We will now look at inference, which entails estimating the (causal) effect of promotional activities on sales. Table 4 reports the inference results for \(\alpha\) based on 60, 72 and 96 training observations compared to the previous simulation based on 48 observations. Recall that the true value of \(\alpha\) is zero. For OLS, as the number of observations increases, the mean estimate for \(\alpha\) decreases to 0.0617 (for 96 observations) from the previous estimate of 0.1604 with 48 observations. However, based on a standard t test, this value is still significantly different from zero (t-statistic of 13.257). In comparison, for the partialling-out approach, the mean estimate for \(\alpha\) declines from 0.0081 with 48 observations to 0.0042 for 96 observations, with a minimum of \(-\) 0.0008 in the simulation run based on 72 observations. In all three additional scenarios, it is not statistically different from zero (t-statistic of 1.381, \(-\) 0.217 and 1.400, respectively).

Table 4 Results from 1000 simulation runs for the planning/inference task, 48 vs. 60, 72 and 96 training observations

The expanded set of observations reduces the bias of the naive approach. Intuitively, the risk of imperfect model selection described above becomes smaller. Still, the naive approach exhibits significant bias compared to the true value of \(\alpha\). For the partialling-out approach, the additional observations lead to a mean estimate for \(\alpha\) that comes even closer to the true value.
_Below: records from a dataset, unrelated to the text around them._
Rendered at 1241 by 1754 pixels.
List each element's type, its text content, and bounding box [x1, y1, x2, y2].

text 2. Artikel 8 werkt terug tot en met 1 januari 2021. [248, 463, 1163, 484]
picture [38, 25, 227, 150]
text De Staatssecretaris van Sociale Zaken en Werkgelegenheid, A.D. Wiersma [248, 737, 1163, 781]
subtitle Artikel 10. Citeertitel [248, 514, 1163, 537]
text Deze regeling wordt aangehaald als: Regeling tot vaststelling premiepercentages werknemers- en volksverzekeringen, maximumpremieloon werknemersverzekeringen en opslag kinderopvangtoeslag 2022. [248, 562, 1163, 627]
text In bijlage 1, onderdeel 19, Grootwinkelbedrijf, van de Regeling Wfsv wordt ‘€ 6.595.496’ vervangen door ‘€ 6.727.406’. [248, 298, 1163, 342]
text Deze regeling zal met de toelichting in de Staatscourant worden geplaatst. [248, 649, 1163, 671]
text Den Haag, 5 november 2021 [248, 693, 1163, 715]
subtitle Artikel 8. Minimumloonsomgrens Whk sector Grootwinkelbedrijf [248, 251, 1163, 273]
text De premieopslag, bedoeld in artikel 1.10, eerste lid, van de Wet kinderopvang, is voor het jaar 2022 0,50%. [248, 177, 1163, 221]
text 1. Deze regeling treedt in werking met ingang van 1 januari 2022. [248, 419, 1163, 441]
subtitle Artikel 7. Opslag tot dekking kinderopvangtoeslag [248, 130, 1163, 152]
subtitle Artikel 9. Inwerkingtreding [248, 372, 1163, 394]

Depending on the required precision of the estimate, the FP&A department could benefit from the additional set of observations in its analysis. Again, our finding is consistent with standard theory on convergence rates (see, for instance, Bühlmann and van de Geer 2011 or Belloni and Chernozhukov 2013). Whereas post-lasso converges for forecasting towards the true parameter value at a relatively slower rate of \(n^{-1/4}\), the double machine learning estimator of the treatment effect converges at the faster rate of \(n^{-1/2}\) (i.e., the same rate as OLS).

6 Conclusion

Digitalization, especially when it couples large amounts of data with appropriate tools for analysis, represents an important opportunity for the financial planning and analysis function. In this article, we have provided an introductory overview of machine learning in this context. By reviewing several relevant theoretical aspects of machine learning and discussing the results of a simulation study, we have demonstrated how machine learning may prove useful for FP&A practitioners. We have paid special attention to explain the distinction between forecasting and planning tasks, the first of which involves prediction and the latter of which involves causal inference. We see the confusion of these two concepts as a major pitfall that practitioners should strive to avoid. Specific approaches to causal machine learning have begun to gain traction, as awareness has increased that the naive application of machine learning can fail in applications that go beyond prediction. This applies to all modern machine learning methods in a high-dimensional setting.

Our article has several limitations. It was impossible to cover the vast number of machine learning techniques that exist. Depending on the causal question at hand, a range of econometric approaches (e.g., instrumental variables, synthetic controls or regression discontinuity designs) coupled with machine learning methods may be suitable. We intentionally used a simple data generation process in our simulation; additional elements such as trends or seasonal components or a real-life example could complement our simulation study. Despite these limitations, we believe that our article can be a valuable source of insights into the ways in which FP&A can benefit from machine learning. With it, we hope to contribute to the adoption of machine learning in this area and help practitioners avoid common mistakes.